We determined the MIC-2 for white and opaque C. albicans cells from each strain background exposed to 27 antifungal agents (2 squalene epoxidase inhibitors, 3 echinocandins, 9 imidazoles, 1 thiazole, 4 triazoles, 4 polyenes, and 4 others) (Table 1). Opaque cells from at least one strain background were 2-fold more sensitive to 6 drugs (anidulafungin, bifonazole, micafungin, miconazole nitrate, terbinafine hydrochloride, and voriconazole), whereas white cells from at least one strain background were 2-fold more sensitive to 2 drugs (abafungin and caspofungin) (Table 1). However, only 2 of these 8 drugs had detectable differences between cell types in both strain backgrounds (opaque cells from both were 2- to 4-fold more sensitive to terbinafine hydrochloride, and white cells from both were 2-fold more sensitive to caspofungin). We did not observe a difference in sensitivity (≥2-fold) between the two cell types for 16 drugs. The 3 remaining drugs did not affect either cell type at concentrations of 100 μM (the highest concentration tested, equivalent to 12.91 μg/ml for flucytosine, 35.28 μg/ml for griseofulvin, and 30.74 μg/ml for tolnaftate). No obvious correlation emerged between specific classes of antifungal drugs and specific cell type sensitivities.

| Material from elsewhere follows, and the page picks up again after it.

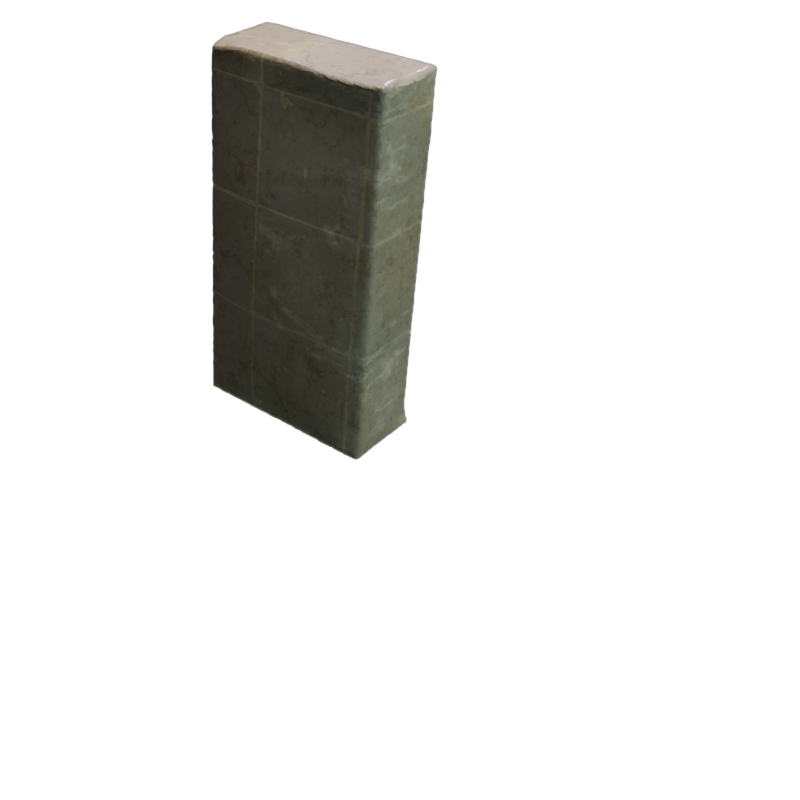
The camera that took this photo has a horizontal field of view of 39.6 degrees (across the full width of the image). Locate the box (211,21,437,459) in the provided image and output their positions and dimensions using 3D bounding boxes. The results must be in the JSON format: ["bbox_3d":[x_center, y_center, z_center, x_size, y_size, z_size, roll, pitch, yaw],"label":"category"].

Despite the numerous differences between white and opaque cells, the cell types had similar sensitivities to the full spectrum of antifungal agents. Given that the 2-fold differences observed fell within the potential variability of the assay used, we do not consider our results to indicate any significant difference in drug sensitivity between the two cell types. Furthermore, note that the differences in white-opaque sensitivities were smaller than the differences observed between the two strain backgrounds (Table 1) or between the same strain in different media conditions (data not shown). No class of antifungal drugs tested in this study showed consistent selective efficacy against either cell type. For example, white and opaque cells varied in their sensitivities to different echinocandins. These results suggest that the processes and genes that are commonly affected by antifungal drugs do not change in a meaningful way between the two cell types. Thus, the large gene expression differences between white and opaque cells (∼1,000 genes at least 2-fold and 350 genes at least 4-fold differentially regulated [8]) do not appear to affect antifungal sensitivity.